Afterward, we would gather in the fellowship hall for donuts and coffee, or juice for us little ones. Then it was off to Sunday school. I got an award for memorizing and reciting all the books of the Bible that year. But very soon I was discontent with that as well. My mother (a smart woman) got me to put up with Sunday school by making me a “helper” in a class with younger children. She was able to go to adult Bible study as a result without worrying about me.

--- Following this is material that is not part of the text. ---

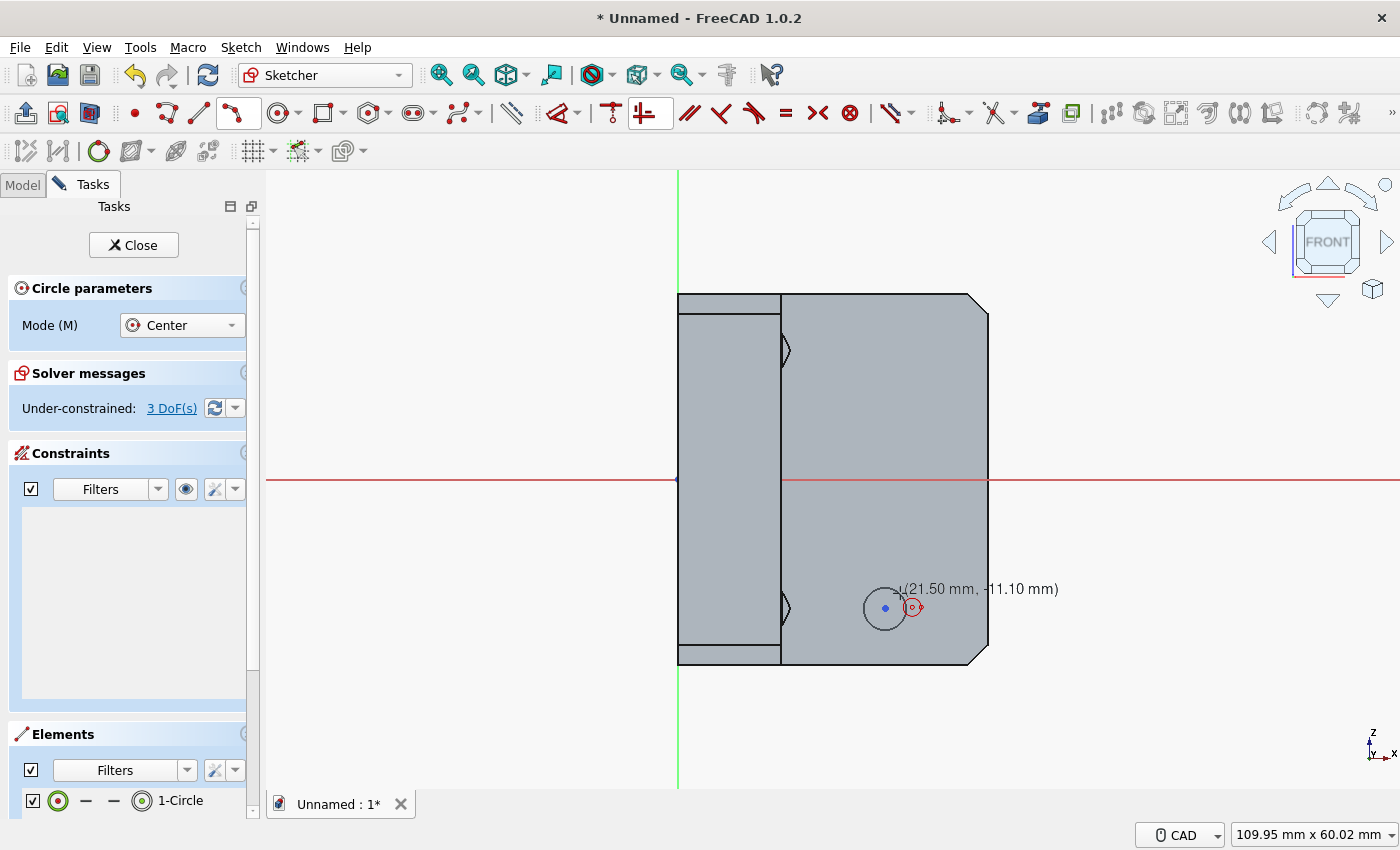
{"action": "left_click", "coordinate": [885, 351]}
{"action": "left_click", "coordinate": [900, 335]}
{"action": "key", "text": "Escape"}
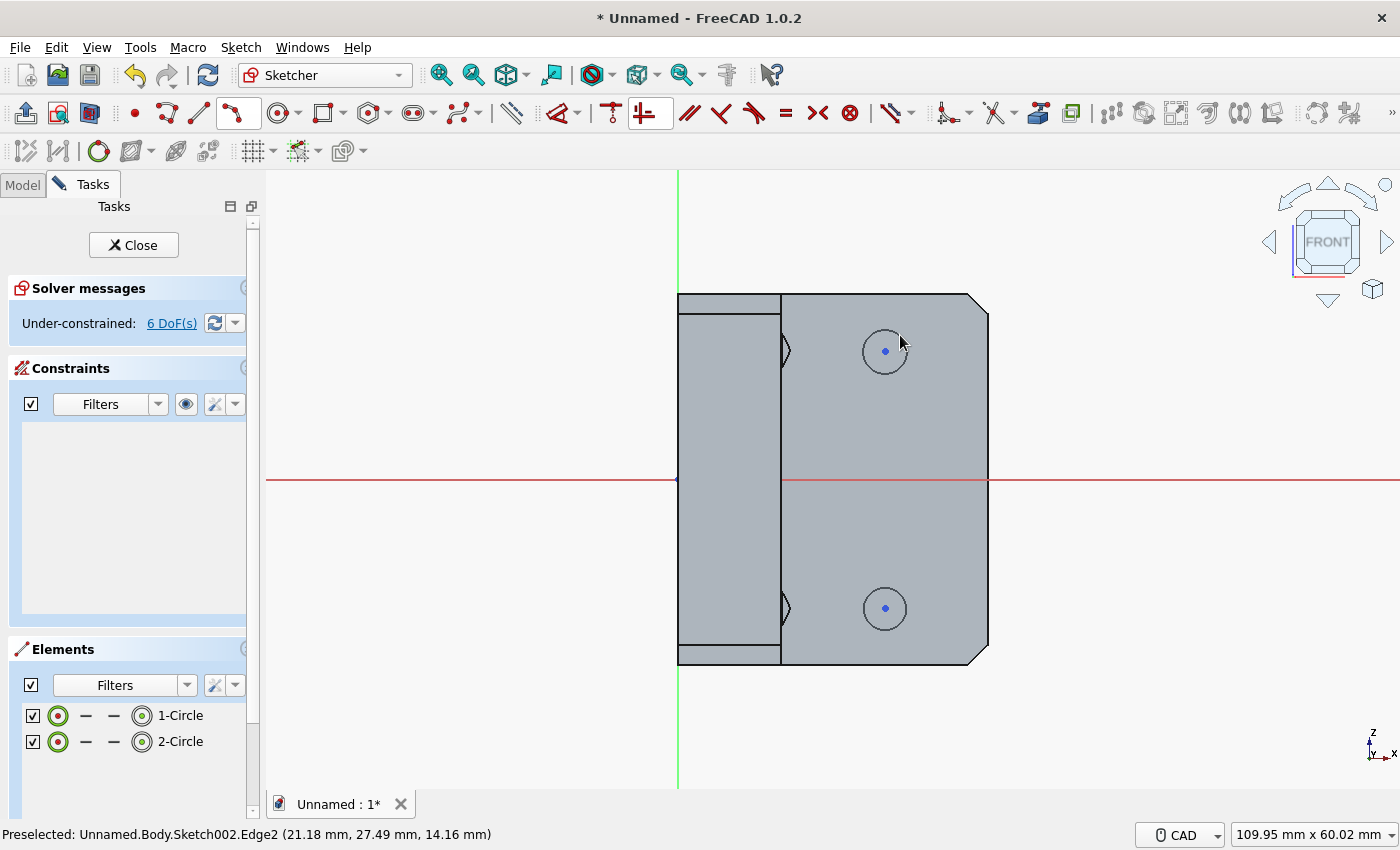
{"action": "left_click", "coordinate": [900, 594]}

When I was in seventh grade and my brother, Brandon, in eighth, we attended confirmation class with Reverend Bill. I liked Bill. He was tall and blonde and outdoorsy with three tall, blonde, outdoorsy children just a little younger than I. One of them always had a cast on some body part. They were as accident prone as they were adventurous; only Bill’s calm, strong wife seemed imune. I saw Reverend Bill preach with his arm in a cast to the shoulder, his elbow at a ninety degree angle and hand stuck up in the air. He preached on crutches and in wheelchairs and attached to an intravenous drip and when he could barely talk. He never seemed an ounce less cheerful or less trusting in God for all the misfortune that befell him and his three rambuncuous kids. (All of whom are still alive and well, so far as I know.)
Most of what I remember from confirmation class were the outings, bicycle rides, camping, and hiking. If we were instilled with good Christian values, beyond just getting along and having fun, I don’t remember them. I was a little young for confirmation, only twelve, but Heaven forbid Brandon got to do anything I couldn’t do. During the confirmation ceremony, in front of the entire church, we stood up in our white robes and promised to be good Christians, whatever that meant. I stood between my tall brother and an even taller boy his age. When it was my turn, Reverand Bill skipped me, and I had to speak up, rather indignantly as I recall. (I grew six inches the next summer.) If I believed in signs, that might have been one of them.
But now that I was an “adult” member of the church, I was at loose ends. I could go to youth group after church, while Mom was in Bible study. (Dad was there, but I really don’t recall where. He didn’t go to Bible study, but he couldn’t leave the church without us. I suspect he found a quiet place to read and listen to sports on the radio.) I really didn’t like teenagers, even though I was a teenager. It gave me time to think. And for a change, I actually started listening to the sermons.
That, all things considered, might have been a mistake.